— Да, да, повод прикинуть, закусывать ли заливной рыбой по-прежнему в ресторане ЦДЛ или обойтись холодной рюмкой водки и дома. Вечером, под траур собственных размышлений.
— Что же… как после этого жить? Ходить по улицам, дышать, одеваться, собираться компанией по праздникам, как прежде…
— А помнишь двух старух:
«— Мне бы, Ольга Даниловна, помереть…
— Помереть — трудно. Очень хотеть надо.
— Я очень хочу. Честное слово!
— Хотеть мало. Удача нужна!»
— Помню. Из «Кухоньки»? К чему?
— А раз спрашиваешь, не отвечу. Подрасти.
— Ещё одна встреча?
— Так в полный рост отправляю лично.
— Я не тороплюсь…
— Все так говорят. Спрашивай тогда правильно. И пока жив… Ведь и дальше будете… дышать, одеваться… Поразительно. Может, я, смотря на вас, вижу не то… потому и понять не могу?
— Зачем тебе понимать? — еле слышно проговорил Сергей.
— И то верно. Пойми я вас, разве могла бы так приходить сюда, быть рядом в такие минуты, минуты самоуничтожения? Нет, не смогла бы. Не по силам. Этим, — ему почудился в словах кивок говорившей за спину, — такое необходимо. Для того они и рядом, хвостом за мной, всегда. И пишут, записывают… Видно, положено. А однажды отталкивают меня и врываются… Я глаза закрываю каждый раз. От ужаса, что делают они с вами. Не поверишь. — Голос снова на секунду замолк.
Что-то призрачное и непонятное, казалось, повисло в этой тишине. «Непонятное ли?» Сергей уже не знал.
— Да и в самоуничтожении вашем тайна. — Задумчивый голос появился вновь. — Вот Фокин говаривал, что человек мучающийся, сомневающийся — самый здоровый из здоровых.

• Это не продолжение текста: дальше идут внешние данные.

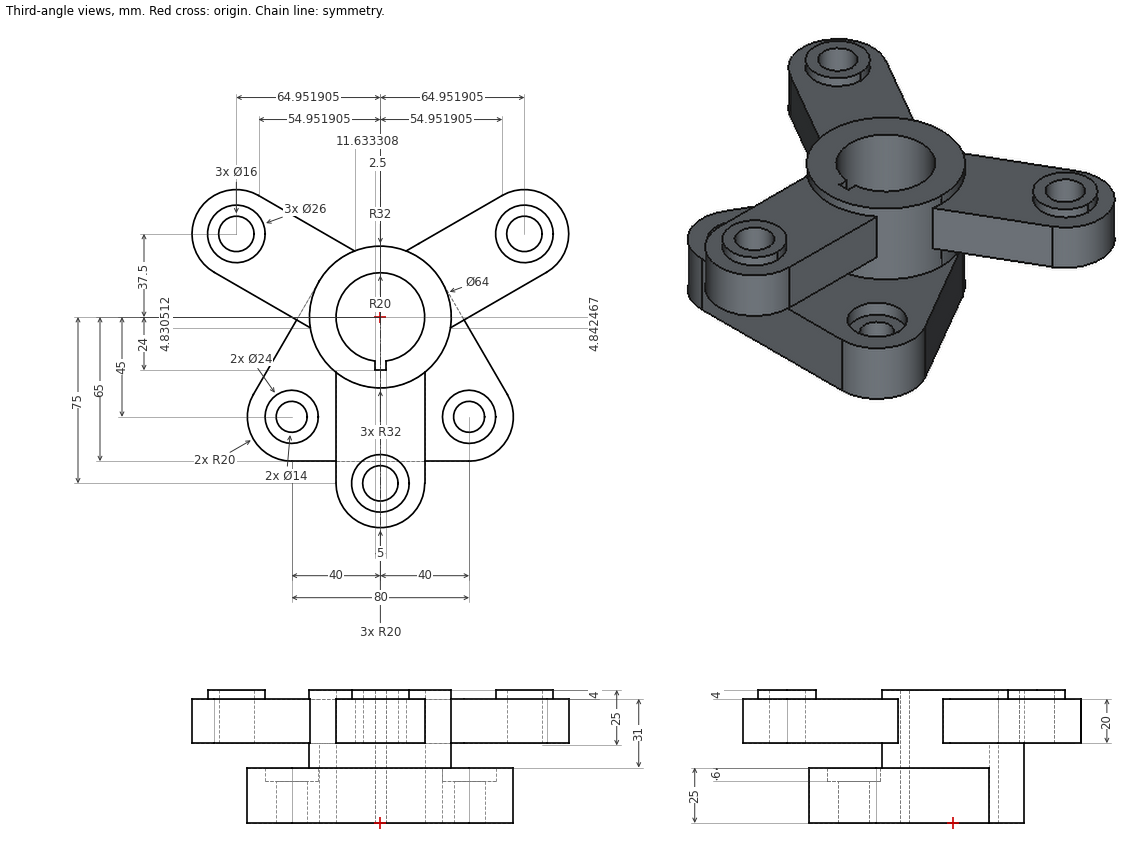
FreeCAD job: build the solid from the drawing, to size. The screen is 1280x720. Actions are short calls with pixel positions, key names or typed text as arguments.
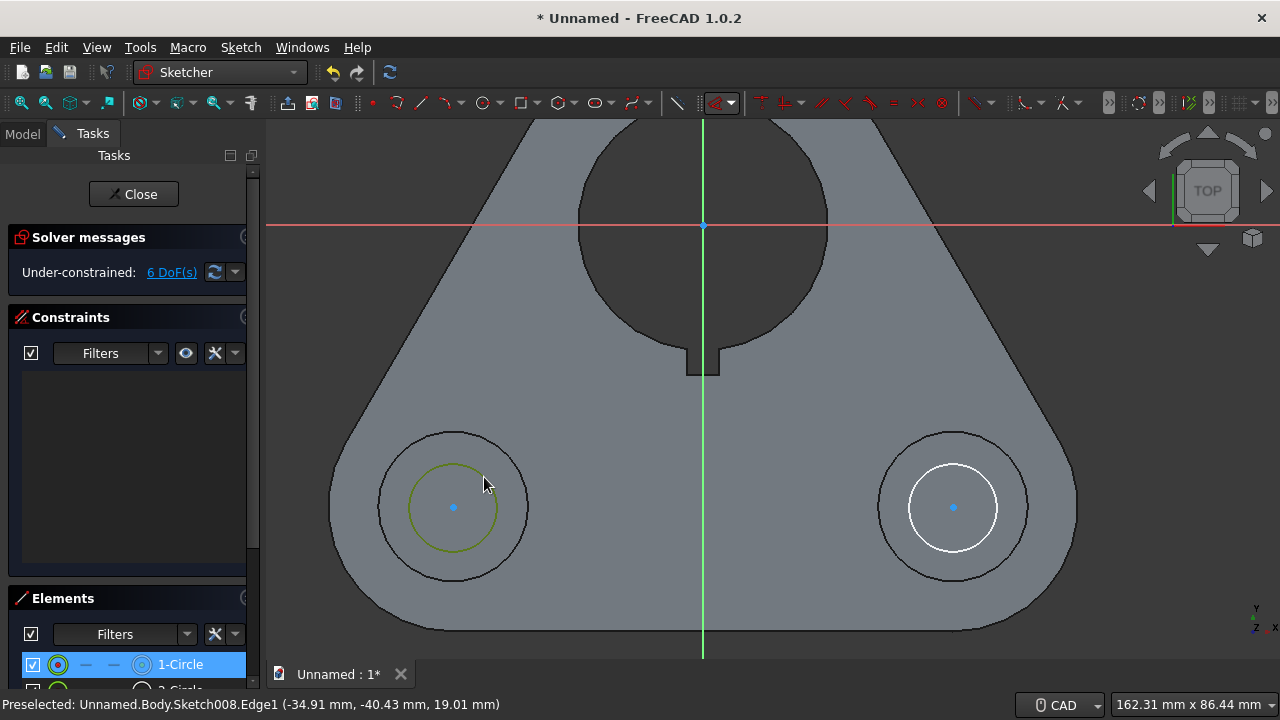
click(984, 477)

Начинал с Набокова, а пришёл к Карамазовым и «Шинели». Финала-то два — рождение или петля. Но который лучше, поди угадай. Что или кто получается в результате? Не мучающийся и не сомневающийся. Так бывает в обоих случаях. Абсолютно уверенный только в собственной правоте… Между прочим… э-эй, ты слушаешь меня? Последнее тебе к размышлению, коли тем же путём.
— А что, есть третий? — пробормотал Сергей.
— Да как же! Просто жить. Утром завтракать, ходить на работу, вечером читать газеты или смотреть футбол… хе-хе, незамысловато, в общем. Всё лучше размышлений. Несчастье-то рядом. Как и озарение! Вот тот же Фокин… ох, дался же он мне…
— Я правильно понимаю, Валерий?
— Правильно, правильно. Мог бы не спрашивать. Так он, родимый, признавал, что театр — это чума, болезнь. Высокая, наивысочайшая болезнь.
— Один из его героев! Сам он мог думать иначе! — воскликнул Сергей. — Ведь иногда у некоторых его коллег такая болезнь не просто высочайшая, но и со смертельным исходом. Смертельно заболевает душа. Лучше бы им не болеть вовсе. Не мучиться. Оставаться здоровыми, как во времена молодости, и не прикасаться к искусству.
— Ну вот. Опять обо мне. Смертельно заболевает, со смертельным исходом…
Сергею показалось, что собеседница расстроилась.
— Хотя, пожалуй, ты прав, — продолжил голос. — Неразлучны мы с вами. Иногда и при жизни в обнимку… Не зря, ох, не зря затеяла я этот разговор. Обогатилась свежими идеями, так сказать. — И, с усмешкой щёлкнув языком, добавила: — В следующий раз приду во всеоружии… Эх-хе-хе.
В который раз наступила тишина. Сергей почувствовал легкий холодок сквозняка, напоминавшего ветер от набегающего в метро поезда. Странные всплывающие воспоминания и образы отвлекли его… Вагон мерно покачивало. Какой-то человек пристально смотрел на тёмное стекло. На большом рекламном листе, среди разноцветных ёлок, украшенных гирляндами, голубоватыми блёстками проступали слова: «Встретим с местью Новый год!». — Он усмехнулся. — Вместе Новый год. Конечно, вместе! — Одна из веток с огоньками просто загораживает часть слова. Вдруг ветка приподнялась, и он в ужасе снова прочёл: «Встретим с местью Новый год!». Чёрт…
— Правда, иногда их спасают те, сверху, — вдруг раздалось в вагоне.
Картина рассыпалась, Сергей по-прежнему был здесь.
— К-как… как они делают это? — вырвалось у него. — И что же я должен… чтобы они… протянули руку?